Scripps Florida scientists determine how antibiotic gains cancer-killing sulfur atoms

Peer-Reviewed Publication

Scripps Research Institute

Ben Shen, The Scripps Research Institute

image: Ben Shen is a professor at the Florida campus of The Scripps Research Institute. view more 

Credit: Photo courtesy of The Scripps Research Institute.

JUPITER, FL, August 10, 2015 - In a discovery with implications for future drug design, scientists from the Florida campus of The Scripps Research Institute (TSRI) have shown an unprecedented mechanism for how a natural antibiotic with antitumor properties incorporates sulfur into its molecular structure, an essential ingredient of its antitumor activity.

This new discovery could open the way to incorporating sulfur into other natural products, potentially advancing new therapies for indications beyond cancer.

The study, which was led by TSRI Professor Ben Shen, was recently released online ahead of print by the journal Proceedings of the National Academy of Sciences, USA.

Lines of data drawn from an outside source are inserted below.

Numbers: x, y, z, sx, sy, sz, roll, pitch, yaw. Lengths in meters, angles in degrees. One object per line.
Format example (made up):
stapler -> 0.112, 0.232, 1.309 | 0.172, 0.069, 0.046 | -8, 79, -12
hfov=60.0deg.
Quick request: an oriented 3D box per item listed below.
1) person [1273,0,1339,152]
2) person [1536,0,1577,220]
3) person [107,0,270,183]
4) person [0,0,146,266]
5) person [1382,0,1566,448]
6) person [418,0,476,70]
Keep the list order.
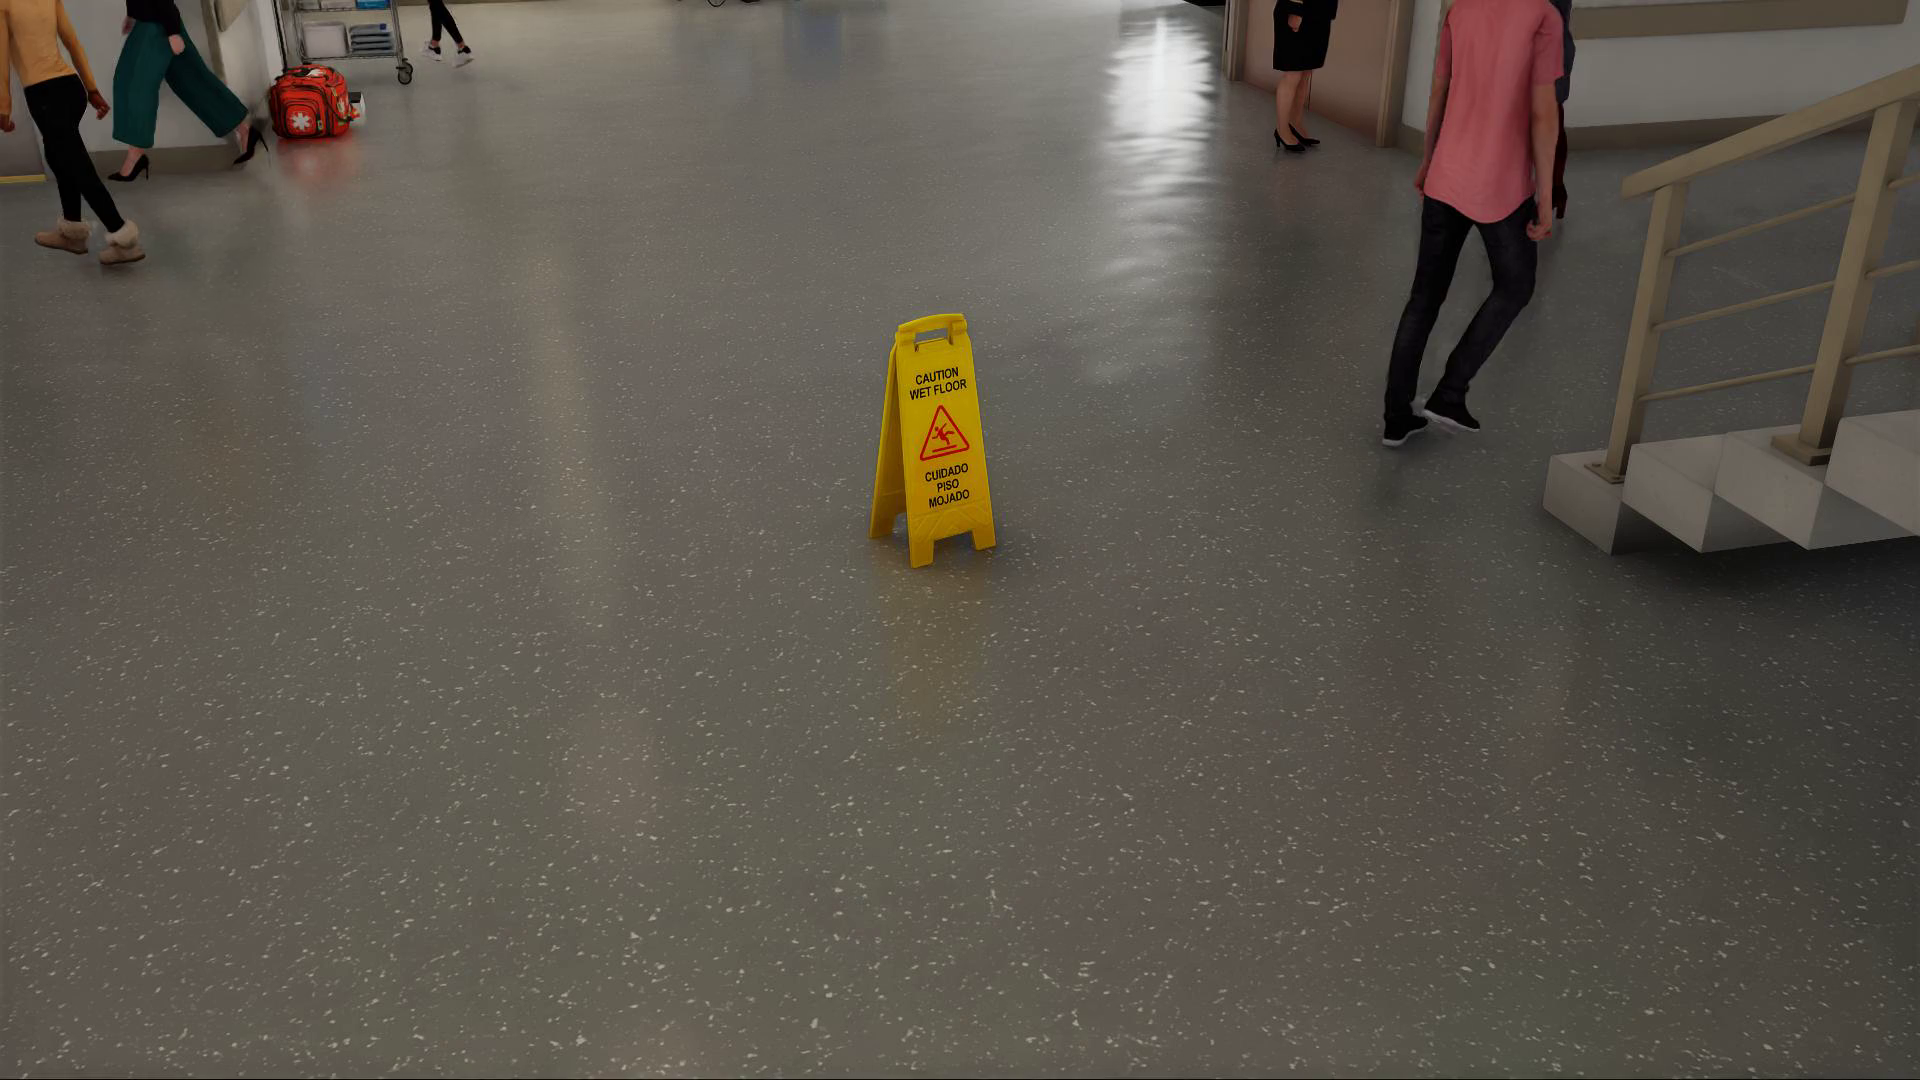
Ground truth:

"We found a novel mechanism to incorporate sulfur into natural products, which is unprecedented," Shen said. "Until our study, we didn't really know how sulfur atoms are incorporated into a natural product--now we have discovered a new family of enzymes and have a workable mechanism to account for sulfur incorporation into a larger class of natural products, known as polyketides, that include many drugs such as erythromycin (antibacterial) and lovastatin (cholesterol lowering)."

Sulfur is critical not only to human life, but to plants and bacteria as well, and is one of the most abundant elements in the human body by weight. A number of compounds that contain sulfur have proven useful in the treatment of conditions ranging from acne and eczema to arthritis and cancer.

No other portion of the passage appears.